> **Requirement**:
Using the records that follow, work out the number of lines with the word "between" in them; reply with that number only.

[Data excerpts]
....

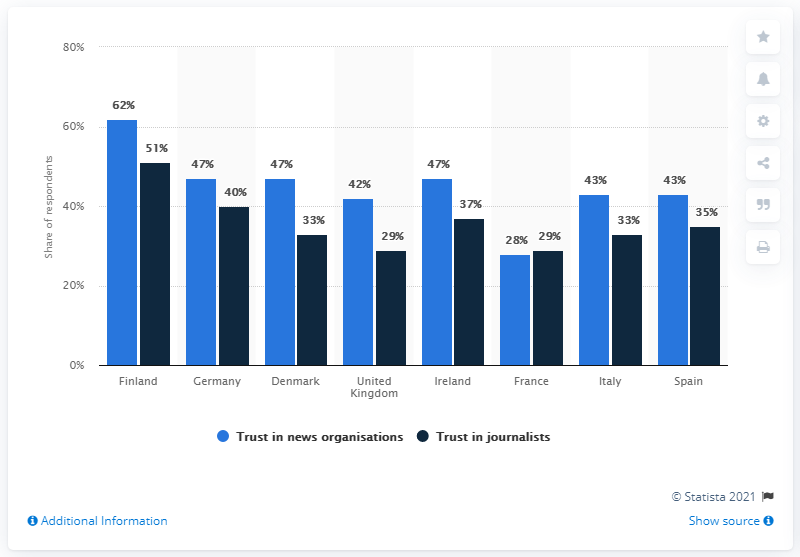Specify some key components in this picture. According to data from Finland, 51% of respondents reported having trust in journalists. I would like to use data from France, Italy, and Spain to find the average of all the data. According to the data, Finland had the highest level of trust in news organizations among all the countries surveyed. 
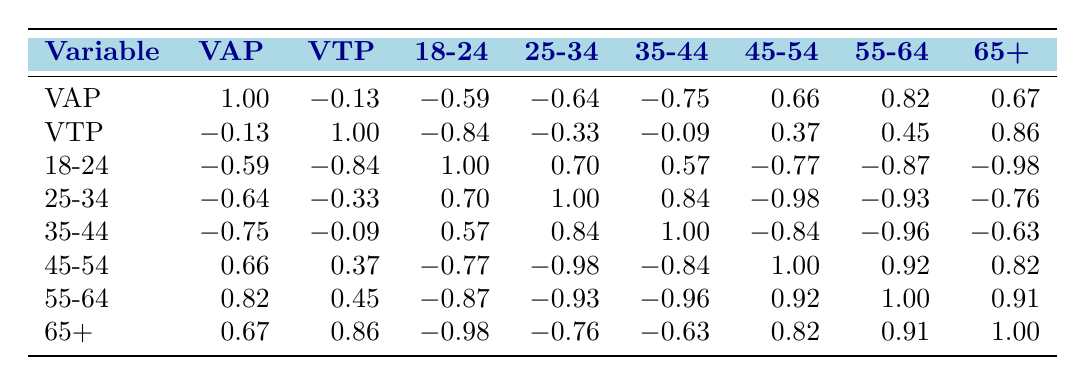What is the voter turnout percentage for Los Angeles? The table indicates the voter turnout percentage for Los Angeles as 48.
Answer: 48 Which city has the highest percentage of 18-24-year-olds? In the table, Los Angeles has the highest percentage of 18-24-year-olds at 15 percent.
Answer: 15 What is the correlation between the 45-54 age demographic and voter turnout? The correlation coefficient between the 45-54 age demographic and voter turnout is 0.37, indicating a weak positive correlation.
Answer: 0.37 What is the average voter turnout percentage across all cities? To find the average, sum the voter turnout percentages (55 + 48 + 62 + 55 + 52 = 272) and divide by the number of cities (5). The average is 272/5 = 54.4.
Answer: 54.4 Is the statement "Older voters (65 and over) have the highest correlation with voter turnout" true or false? The correlation with older voters (65+) is 0.86, which is the highest among all demographics, making the statement true.
Answer: True What is the correlation between the demographic aged 25-34 and the demographic aged 35-44? The correlation coefficient between these two demographics is 0.84, suggesting a strong positive correlation.
Answer: 0.84 Which demographic age group has the highest negative correlation with voter turnout? The 18-24 age group has the highest negative correlation with voter turnout at -0.84, indicating a strong inverse relationship.
Answer: -0.84 If we consider the voter turnout of 62% in Chicago, what is the difference in turnout compared to New York's 55%? The difference in voter turnout is calculated as 62 - 55 = 7, indicating that Chicago's voter turnout is higher by 7 percentage points.
Answer: 7 What is the correlation between the voting age population and the demographic aged 55-64? The correlation coefficient between the voting age population and the demographic aged 55-64 is 0.82, indicating a strong positive correlation.
Answer: 0.82 
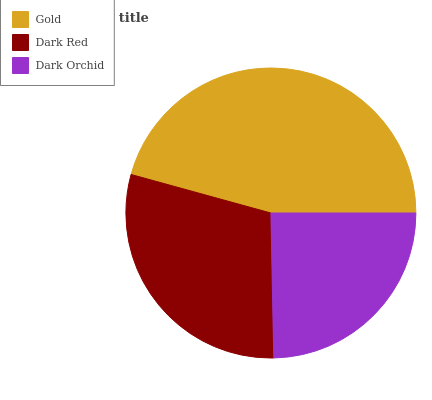Is Dark Orchid the minimum?
Answer yes or no. Yes. Is Gold the maximum?
Answer yes or no. Yes. Is Dark Red the minimum?
Answer yes or no. No. Is Dark Red the maximum?
Answer yes or no. No. Is Gold greater than Dark Red?
Answer yes or no. Yes. Is Dark Red less than Gold?
Answer yes or no. Yes. Is Dark Red greater than Gold?
Answer yes or no. No. Is Gold less than Dark Red?
Answer yes or no. No. Is Dark Red the high median?
Answer yes or no. Yes. Is Dark Red the low median?
Answer yes or no. Yes. Is Gold the high median?
Answer yes or no. No. Is Dark Orchid the low median?
Answer yes or no. No. 
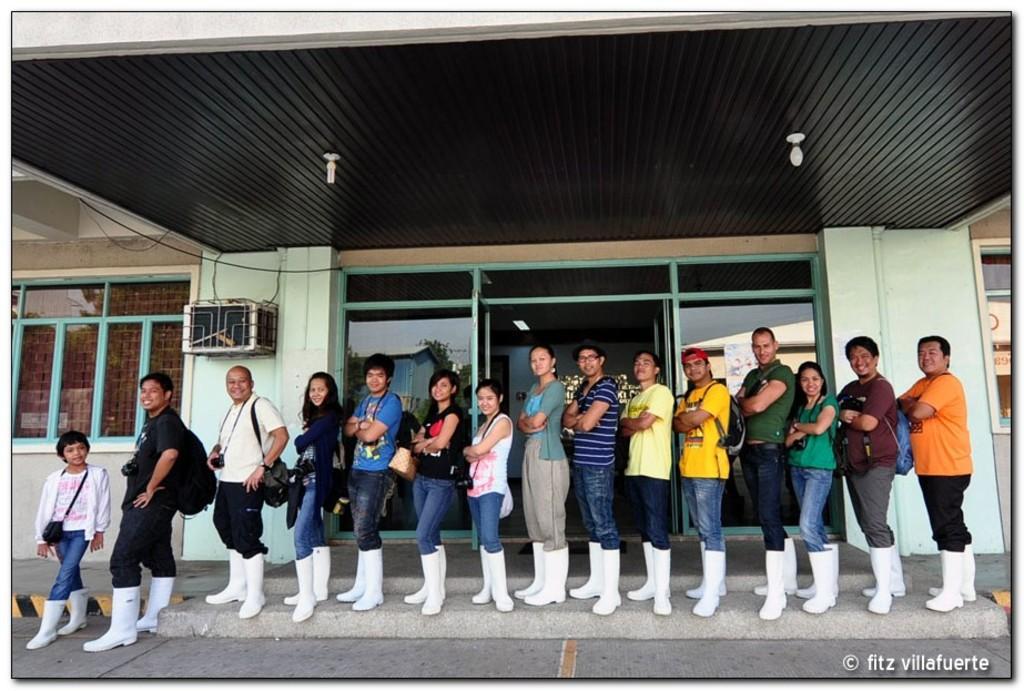Can you describe this image briefly? In this image I can see number of persons wearing white colored boots are standing. I can see the black colored ceiling, two lights to the ceiling and a building. I can see few windows and the glass door in which I can see the reflection of a building, the sky and few trees. 
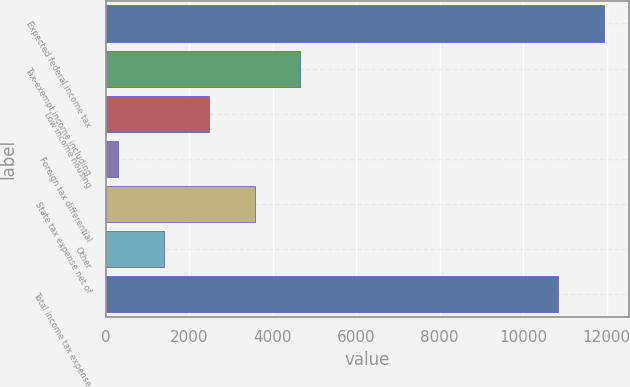Convert chart to OTSL. <chart><loc_0><loc_0><loc_500><loc_500><bar_chart><fcel>Expected federal income tax<fcel>Tax-exempt income including<fcel>Low income housing<fcel>Foreign tax differential<fcel>State tax expense net of<fcel>Other<fcel>Total income tax expense<nl><fcel>11930<fcel>4651<fcel>2471<fcel>291<fcel>3561<fcel>1381<fcel>10840<nl></chart> 
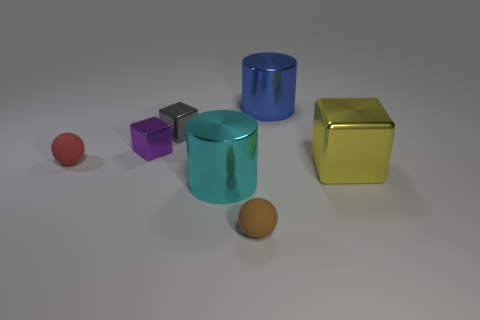Subtract all small cubes. How many cubes are left? 1 Add 2 purple metal things. How many objects exist? 9 Subtract all yellow blocks. How many blocks are left? 2 Add 7 tiny brown matte objects. How many tiny brown matte objects are left? 8 Add 5 tiny objects. How many tiny objects exist? 9 Subtract 0 purple spheres. How many objects are left? 7 Subtract all blocks. How many objects are left? 4 Subtract all green cubes. Subtract all red spheres. How many cubes are left? 3 Subtract all small objects. Subtract all cyan things. How many objects are left? 2 
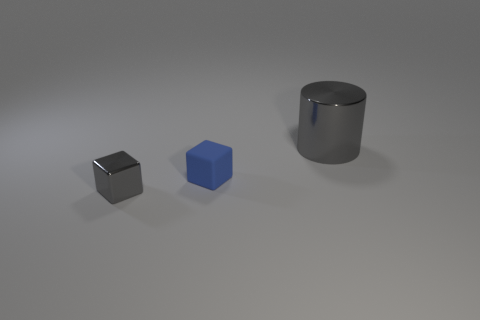What number of things are small things that are on the right side of the small metallic block or big cylinders?
Provide a short and direct response. 2. What is the material of the large cylinder?
Your answer should be compact. Metal. Do the metallic block and the cylinder have the same size?
Offer a very short reply. No. What number of spheres are tiny blue rubber objects or blue metallic things?
Offer a very short reply. 0. There is a small thing right of the gray object that is on the left side of the large thing; what is its color?
Ensure brevity in your answer.  Blue. Is the number of small cubes that are on the left side of the blue rubber cube less than the number of cylinders behind the big metal cylinder?
Make the answer very short. No. Does the rubber cube have the same size as the gray thing that is behind the tiny shiny block?
Your answer should be compact. No. There is a thing that is both behind the small gray metal object and in front of the large object; what shape is it?
Your answer should be very brief. Cube. What is the size of the cube that is the same material as the cylinder?
Provide a short and direct response. Small. What number of tiny gray metallic blocks are behind the gray shiny object that is behind the tiny gray object?
Make the answer very short. 0. 
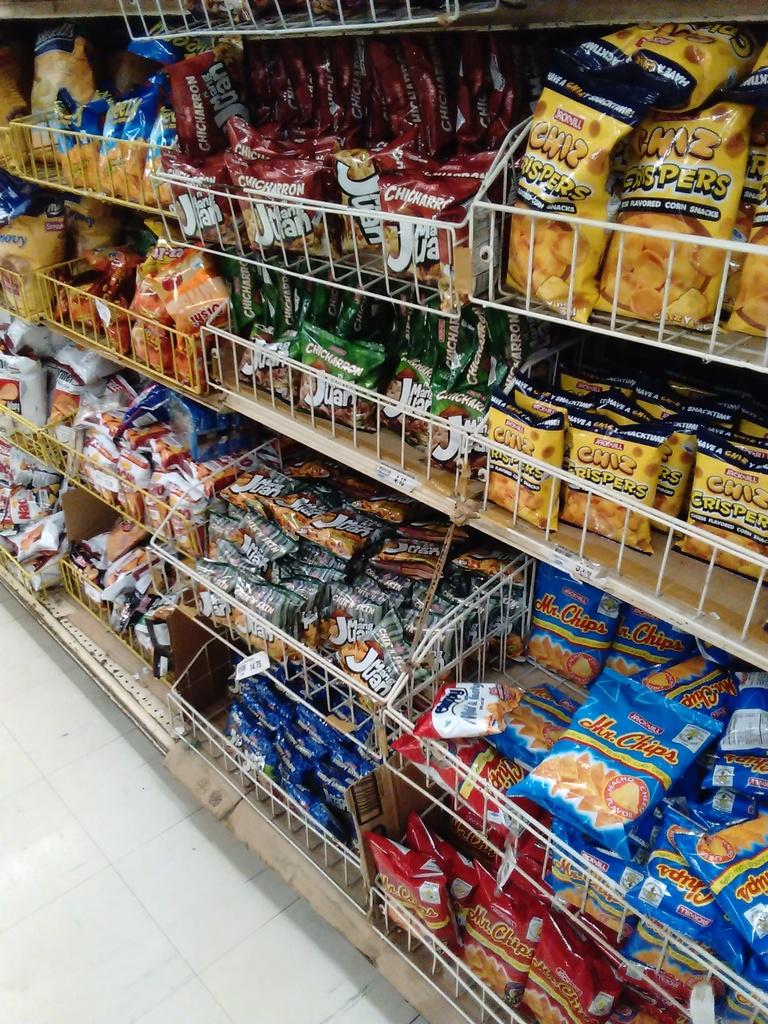What does it say on the blue bag after mr.?
Provide a succinct answer. Chips. 
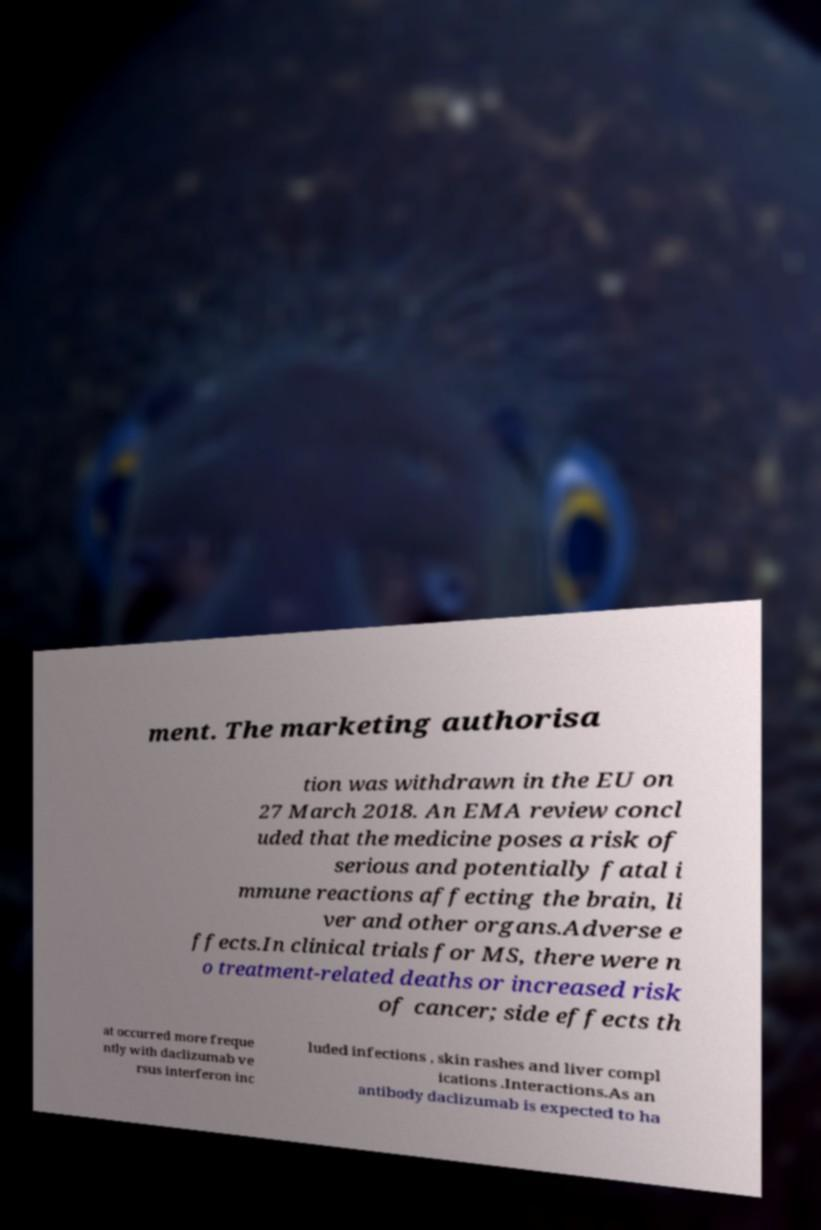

....

> **Finished exercise**:
3